Low-income workers would be guaranteed a Social Security monthly payment at least 25 percent over the federal poverty level.
Less than a latte
The GOP lauds Larson’s attempt to increase the solvency of the program, but has slammed the lawmaker’s plan to pay for all of this.
Under Larson’s bill, the Social Security tax rate would gradually rise by .1% each year from its current 12.4% to 14.8% over the course of 25 years.
And there’s another way Larson would raise money for the Social Security program.
Social Security taxes are not withheld from a person’s wages after that employee reaches a certain amount of earnings — $132,900 this year. Larson would reinstate the Social Security tax on anyone whose earnings rise above $400,000, creating a “doughnut hole” where earnings between $132,900 and $400,000 do not face payroll taxes.
Yet it wasn’t the high earners, but rather low wage earners that Republicans on the Ways and Means Committee focused on in a hearing on Larson’s bill last week.
Brady said millennials would get “ripped off” since they would not get back as much money as they put in over the years.
“To give your grandma a mere $32 more a month in her Social Security, a lower-earning grandchild would pay over $53,000 in higher payroll taxes,” Brady said. “Middle-class young people will pay even more.”
Witnesses at the hearing were also divided as to whether the plan would help or hurt younger workers.
Kelly Brozyna, founder and president of the Colorado Business Development Foundation, said she is concerned about how the bill would impact people like her daughter, Katherine, a recent college graduate who lives in Boston. Her daughter earns about $45,000 per year.
However, Abigail Zapote, executive director of Latinos for a Secure Retirement, said the Social Security 2100 Act will help Latino families and their younger members who are often tasked with caring for older relatives.
“As a millennial, I am willing to pay the additional tax to ensure that my generation and future generations also have the same, or dare I say better, benefits and equity than generations do today,” Zapote said.
Larson said his Republican colleagues exaggerate the impact of his proposed Social Security tax increase, which he has often said would be less than the cost of a Starbucks latte.
“For someone making $50,000 a year, it’s 50 cents a week,” he said.
He was defended by fellow Ways and Means Democrats, like Rep.

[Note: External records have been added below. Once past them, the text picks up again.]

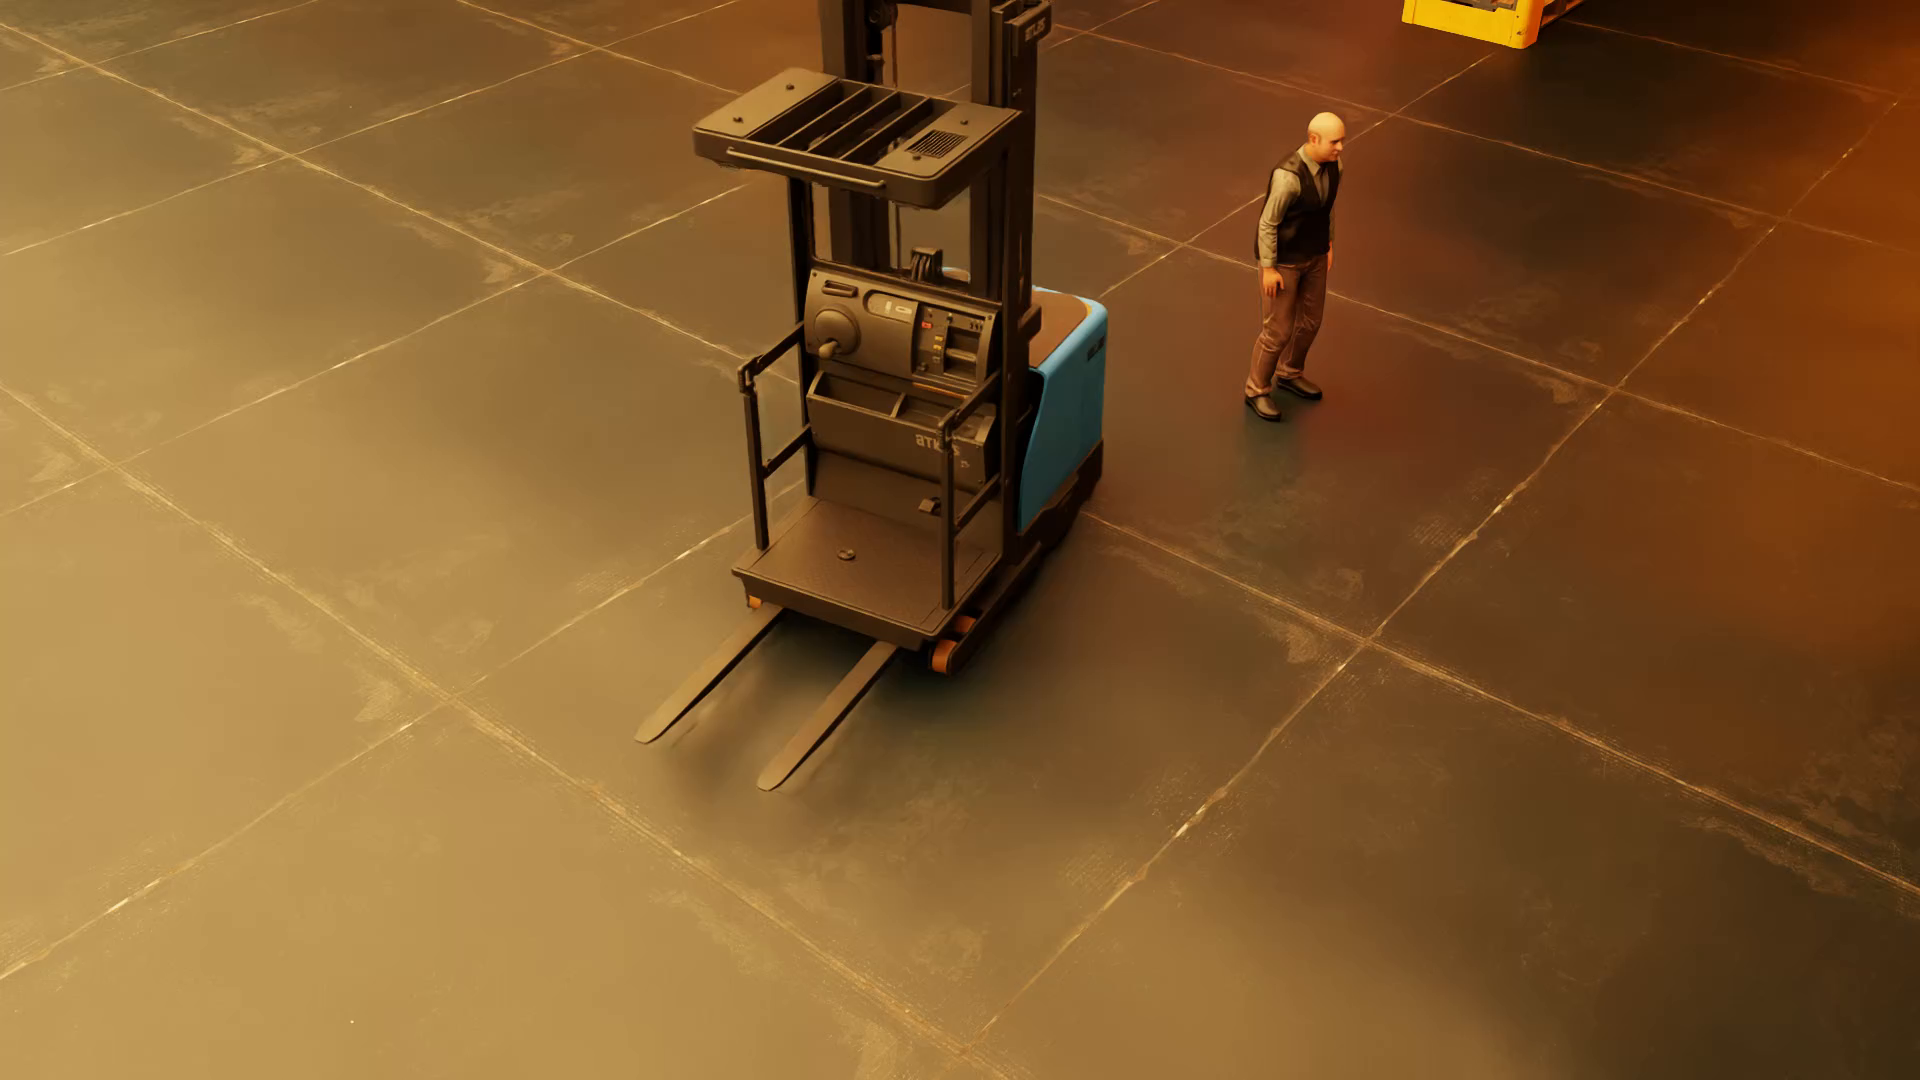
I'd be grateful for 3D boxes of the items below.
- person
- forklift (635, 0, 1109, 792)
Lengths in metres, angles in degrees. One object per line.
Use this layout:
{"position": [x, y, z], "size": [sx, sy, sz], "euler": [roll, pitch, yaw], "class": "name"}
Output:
{"position": [1.846, -1.546, 9.176], "size": [0.582, 1.719, 0.423], "euler": [-27, 44, -32], "class": "person"}
{"position": [-0.370, -0.867, 7.209], "size": [1.130, 2.935, 3.031], "euler": [17, 39, 22], "class": "forklift"}
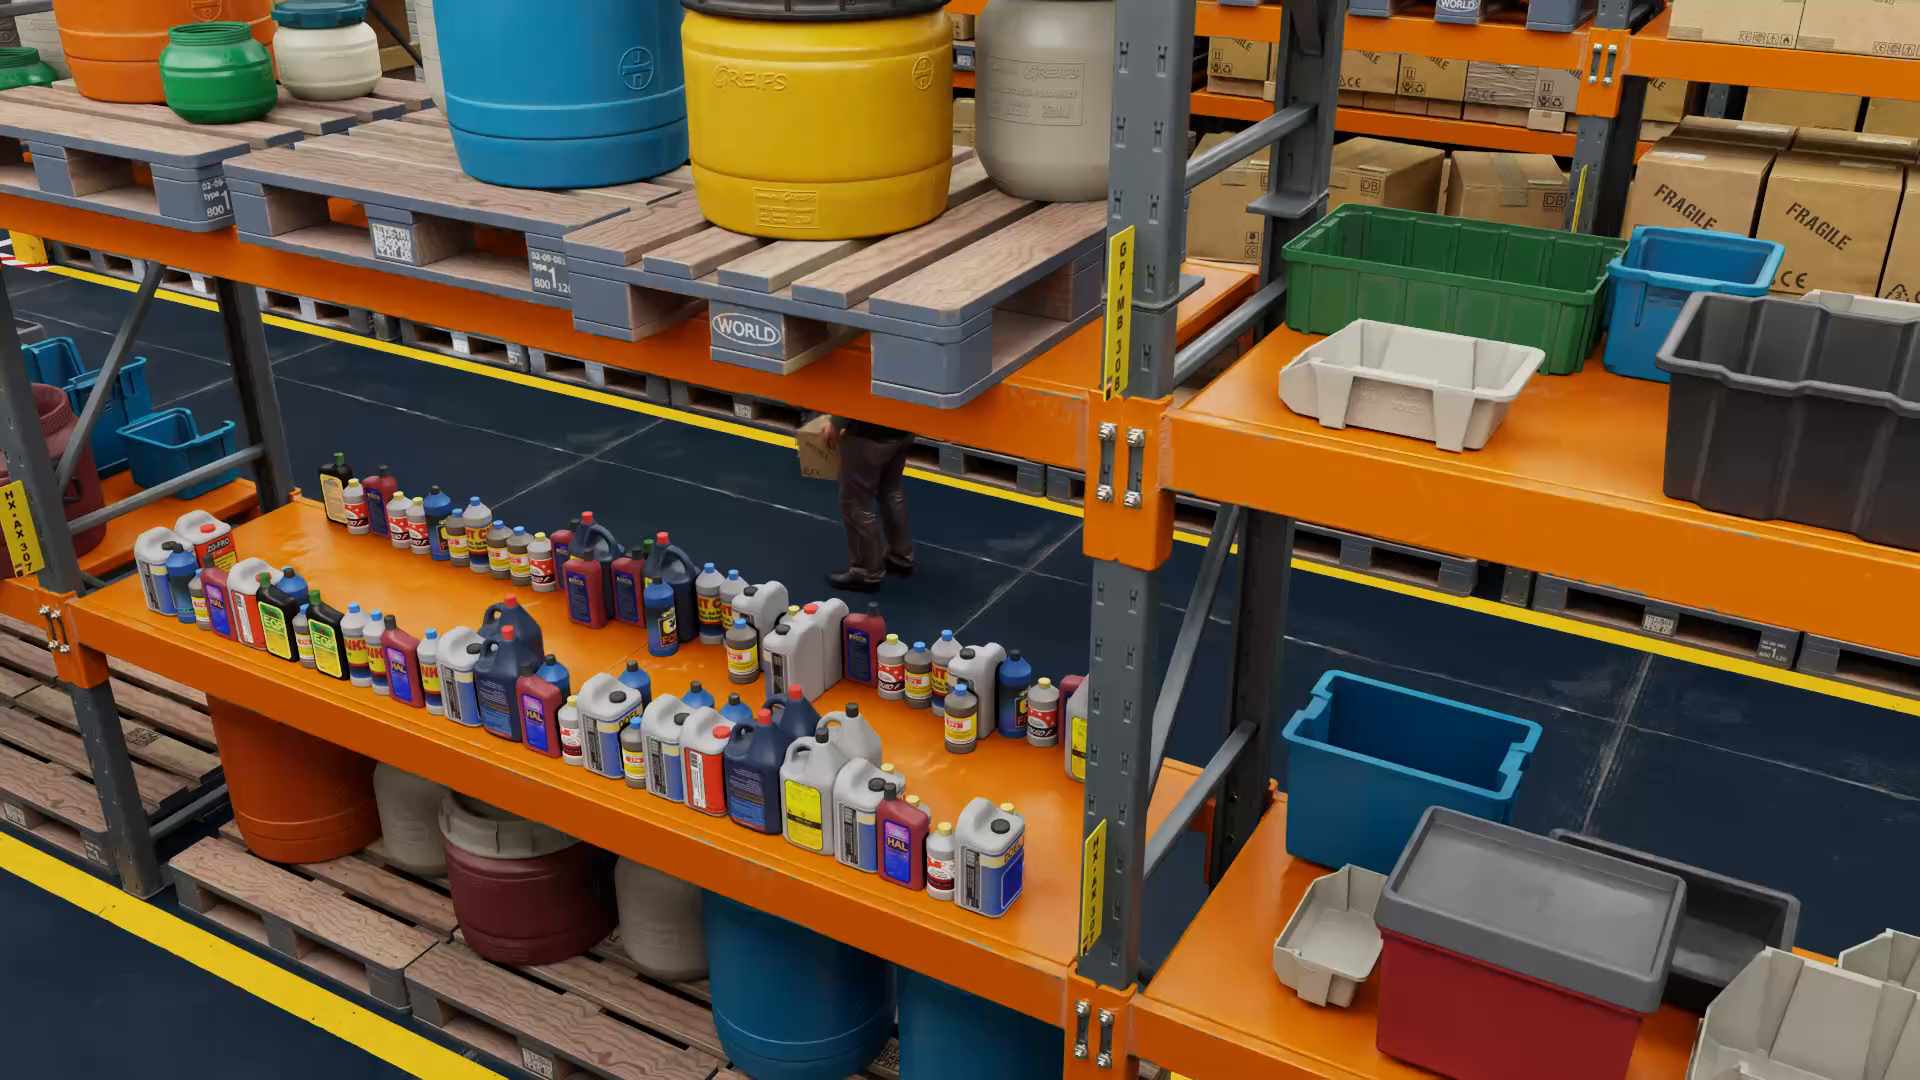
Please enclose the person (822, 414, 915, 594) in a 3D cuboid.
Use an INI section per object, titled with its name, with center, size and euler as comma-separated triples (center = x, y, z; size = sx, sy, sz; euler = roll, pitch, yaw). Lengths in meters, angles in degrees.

Mike Thompson, D-Calif., who said Republicans have “faux concern about young workers.”
Thompson also said GOP lawmakers “discount that Larson has a way to pay for his bill” while Republicans “did not have a mechanism for paying their tax cut bill.”
Thompson, Larson and other Democrats also say the GOP hasn’t offered an alternative plan to keep Social Security solvent.
“When it comes down to paying for it, they say ‘Oh your plan is too costly,’ but they have no plan,” Larson said.
To Larson, the GOP would like to see the Social Security program face cuts “because they don’t come up with another plan.”
While a partisan divide yawns over Larson’s bill, the lawmaker said “there’s wide bipartisan support outside Congress,” for his proposal.
And the Democratic lawmaker is also hoping for support from the nation’s top Republican, who resides in the White House.
He told GOP lawmakers at the hearing that President Donald Trump faced down 16 other Republican presidential candidates during a 2016 debate to defend Social Security, vowing “I’m not going to cut it.”
Opposition by House Republicans to the Social Security 2100 Act won’t derail it because there are enough Democrats in that chamber to pass Larson’s legislation.
The trouble will come in the GOP-held Senate. Larson said he has spoken about his bill with some Senate Republicans, including Susan Collins of Maine, “but they have yet to endorse it.”
Correction: Aug. 5, 2019. An earlier version of this story incorrectly described Larson’s plan to increase the Social Security tax rate. His plan calls for an increase of .1 % per year, not .01%.